Well, If your Deluxe 24 is like my Deluxe 28, this is how the Auger and Drive wheels engage.

Auger: When you press the lever on the grip, it moves the tension wheels against the auger belts that drive the auger.

Drive Wheels: When pressing the drive lever it swings the swing plate into the tension wheel on the axle. The swing plate has a belt running from it to the motor.


----------



## Vincent_Diesel (Feb 15, 2016)

skutflut said:


> Glad everything is working well.
> By the way, didn't you hear the news? There will be no more snow in MA this year, at least not enough to break out the snowblower.


Yeah I have a hunch we are done this season. Trailing record snowfalls from previous year (120+ inches) I thought I'd be prepared this year with this new Ariens—Old Craftsman manhandled that blizzard and quite sad to retire it.

I grew up in Brampton just SE of your neck of the woods BTW. Hello!


----------



## Vincent_Diesel (Feb 15, 2016)

Drifty said:


> Well, If your Deluxe 24 is like my Deluxe 28, this is how the Auger and Drive wheels engage.
> 
> Auger: When you press the lever on the grip, it moves the tension wheels against the auger belts that drive the auger.
> 
> Drive Wheels: When pressing the drive lever it swings the swing plate into the tension wheel on the axle. The swing plate has a belt running from it to the motor.


What I love about the Ariens Deluxe (Did get to check out a Husqvarna from neighbors) is that it really is a simple design, no bells and whistles that I don't need (hand warmers), looks like maintenance is easier and the legacy of these machines are proven.


----------



## RedOctobyr (Mar 2, 2014)

I was always a bit skeptical of handwarmers, myself  Here in MA, most of the time when it snows, it's not also super-cold. I've gotten along fine without them for years. 

But last winter was my first season with handwarmers. And we had a bunch of cold storms, some with decent wind. I have to say, I suddenly really appreciated having them. I tried starting out with them turned off for one storm, and my fingers were really getting cold, then flicked a switch and it was fine. 

For anyone curious, some machines come with enough alternator power to run handwarmers even if they aren't installed, and there are threads on SBF about getting (snowmobile?) handwarmers for really cheap (about $10 or less) off eBay.

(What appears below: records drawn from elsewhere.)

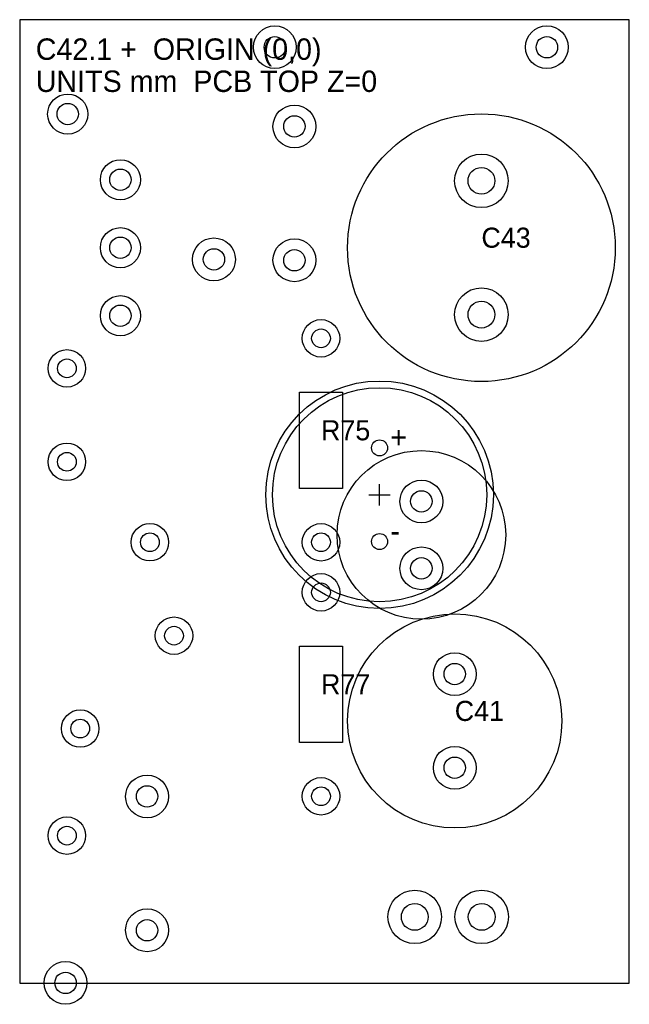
# Model space of a CAD drawing. Header units: millimetres. Extents: x -15 to 7.8, y -18.8 to 18.
import ezdxf

# ---------------------------------------------------------------- set-up
doc = ezdxf.new("R2010")
doc.units = ezdxf.units.MM
for name, color, linetype in [('BOARD_CROP', 7, 'Continuous'), ('BOARD_EDGE_REAL', 1, 'Continuous'), ('CAP_BODY', 1, 'Continuous'), ('CAP_ENVELOPE', 6, 'Continuous'), ('CAP_LEAD_EXIT', 4, 'Continuous'), ('CENTER', 3, 'Continuous'), ('COPPER_PAD', 2, 'Continuous'), ('DRILL', 8, 'Continuous'), ('LABEL', 7, 'Continuous'), ('NEIGHBOR_BODY', 5, 'Continuous'), ('OLD_FOOTPRINT', 9, 'Continuous'), ('TARGET_PAD', 3, 'Continuous')]:
    doc.layers.add(name, color=color, linetype=linetype)

msp = doc.modelspace()

# ---------------------------------------------------------------- linework, layer by layer
at = {"layer": 'BOARD_CROP'}
msp.add_lwpolyline([(-15, -18), (7.766, -18), (7.766, 18), (-15, 18)], close=True, dxfattribs=at)
at = {"layer": 'BOARD_EDGE_REAL'}
msp.add_line((7.766, -18), (7.766, 18), dxfattribs=at)
at = {"layer": 'CAP_BODY'}
msp.add_circle((-1.5599, 0.2497), 4, dxfattribs=at)
at = {"layer": 'CAP_ENVELOPE'}
msp.add_circle((-1.5599, 0.2497), 4.25, dxfattribs=at)
at = {"layer": 'CAP_LEAD_EXIT'}
for centre in [(-1.5599, 1.9997), (-1.5599, -1.5003)]:
    msp.add_circle(centre, 0.3, dxfattribs=at)
at = {"layer": 'CENTER'}
for p, q in [((-1.5599, -0.1503), (-1.5599, 0.6497)), ((-1.9599, 0.2497), (-1.1599, 0.2497))]:
    msp.add_line(p, q, dxfattribs=at)
at = {"layer": 'COPPER_PAD'}
for centre, radius in [((-5.472, 16.9717), 0.8), ((4.688, 16.9717), 0.8), ((-13.2059, 14.4735), 0.75), ((-4.7408, 14.011), 0.8), ((2.2427, 11.9797), 1), ((-11.2382, 12.0193), 0.75), ((-11.2382, 9.4793), 0.75), ((-7.7456, 9.0444), 0.8), ((-4.7408, 9.011), 0.8), ((2.2427, 6.9797), 1), ((-11.2382, 6.9393), 0.75), ((-3.7469, 6.094), 0.7), ((-13.2371, 4.9719), 0.7), ((-13.2371, 1.4805), 0.7), ((-10.1371, -1.5256), 0.7), ((-3.7469, -1.526), 0.7), ((-3.7469, -3.3973), 0.7), ((-9.2372, -5.017), 0.7), ((1.2475, -6.4521), 0.8), ((-12.7396, -8.4877), 0.7), ((1.2475, -9.9521), 0.8), ((-10.2437, -11.0241), 0.8), ((-3.7469, -11.0173), 0.7), ((-13.2371, -12.4877), 0.7), ((-0.246, -15.5241), 1), ((2.254, -15.5241), 1), ((-10.2437, -16.0241), 0.8), ((-13.2881, -17.99), 0.8)]:
    msp.add_circle(centre, radius, dxfattribs=at)
at = {"layer": 'DRILL'}
for centre, radius in [((-5.472, 16.9717), 0.4), ((4.688, 16.9717), 0.4), ((-13.2059, 14.4735), 0.4), ((-4.7408, 14.011), 0.4), ((-11.2382, 12.0193), 0.4), ((2.2427, 11.9797), 0.5), ((-11.2382, 9.4793), 0.4), ((-7.7456, 9.0444), 0.4), ((-4.7408, 9.011), 0.4), ((2.2427, 6.9797), 0.5), ((-11.2382, 6.9393), 0.4), ((-3.7469, 6.094), 0.35), ((-13.2371, 4.9719), 0.35), ((-13.2371, 1.4805), 0.35), ((0, 0), 0.4), ((-10.1371, -1.5256), 0.35), ((-3.7469, -1.526), 0.35), ((0, -2.5), 0.4), ((-3.7469, -3.3973), 0.35), ((-9.2372, -5.017), 0.35), ((1.2475, -6.4521), 0.4), ((-12.7396, -8.4877), 0.35), ((1.2475, -9.9521), 0.4), ((-10.2437, -11.0241), 0.4), ((-3.7469, -11.0173), 0.35), ((-13.2371, -12.4877), 0.35), ((-0.246, -15.5241), 0.5), ((2.254, -15.5241), 0.5), ((-10.2437, -16.0241), 0.4), ((-13.2881, -17.99), 0.4)]:
    msp.add_circle(centre, radius, dxfattribs=at)
at = {"layer": 'NEIGHBOR_BODY'}
for points in [[(-4.5469, 4.084), (-2.9469, 4.084), (-2.9469, 0.484), (-4.5469, 0.484)], [(-4.5469, -5.4073), (-2.9469, -5.4073), (-2.9469, -9.0073), (-4.5469, -9.0073)]]:
    msp.add_lwpolyline(points, close=True, dxfattribs=at)
for centre, radius in [((2.2427, 9.4797), 5), ((1.2475, -8.2021), 4)]:
    msp.add_circle(centre, radius, dxfattribs=at)
at = {"layer": 'OLD_FOOTPRINT'}
msp.add_circle((0, -1.25), 3.15, dxfattribs=at)
at = {"layer": 'TARGET_PAD'}
for centre in [(0, 0), (0, -2.5)]:
    msp.add_circle(centre, 0.8, dxfattribs=at)

# ---------------------------------------------------------------- texts
at = {"layer": 'LABEL'}
for s, height, p in [('C42.1 +  ORIGIN (0,0)', 0.8, (-14.4, 16.5)), ('UNITS mm  PCB TOP Z=0', 0.8, (-14.4, 15.3)), ('C43', 0.75, (2.2427, 9.4797)), ('R75', 0.75, (-3.7469, 2.284)), ('+', 0.8, (-1.1599, 1.9997)), ('-', 0.8, (-1.1599, -1.5003)), ('R77', 0.75, (-3.7469, -7.2073)), ('C41', 0.75, (1.2475, -8.2021))]:
    msp.add_text(s, height=height, dxfattribs=at).set_placement(p)

doc.saveas('drawing.dxf')

Then wiring them up to the alternator, and off you go. 

See this thread: 
http://www.snowblowerforum.com/forum/ariens-snowblowers/15737-need-heated-hand-grips.html

One person said his alternator didn't have enough power to run his light *and* heated grips. So he installed a switch to select either powering the light, or the heated grips, or neither. So if you had a light already, that might be a way to at least have an option for warm fingers, if you could get by without the light.

An example listing that ships from the US, for $6.50: 
http://www.ebay.com/itm/Motorcycle-...ash=item48888f061e:g:RiwAAOSwhcJWJv6G&vxp=mtr


----------



## Vincent_Diesel (Feb 15, 2016)

RedOctobyr said:


> I was always a bit skeptical of handwarmers, myself  Here in MA, most of the time when it snows, it's not also super-cold. I've gotten along fine without them for years.
> 
> But last winter was my first season with handwarmers. And we had a bunch of cold storms, some with decent wind. I have to say, I suddenly really appreciated having them. I tried starting out with them turned off for one storm, and my fingers were really getting cold, then flicked a switch and it was fine.
> 
> ...


Interesting read. Do you know if the Ariens hand warmer kit bolts on directly? with no modifications? The price of the kit doesn't seem too bad.


----------



## RedOctobyr (Mar 2, 2014)

Vincent_Diesel said:


> Interesting read. Do you know if the Ariens hand warmer kit bolts on directly? with no modifications? The price of the kit doesn't seem too bad.


I don't know, sorry. I would start by looking for any "empty" wires with plugs coming from the engine. Wherever the power comes from for your light (assuming it has one), see if there's a second, unused cable coming from the engine. 

It's possible the engine could have another power cable that's not used, which would make things easier. If it doesn't, you'd need to tap into the existing power cable to add heated grips.


----------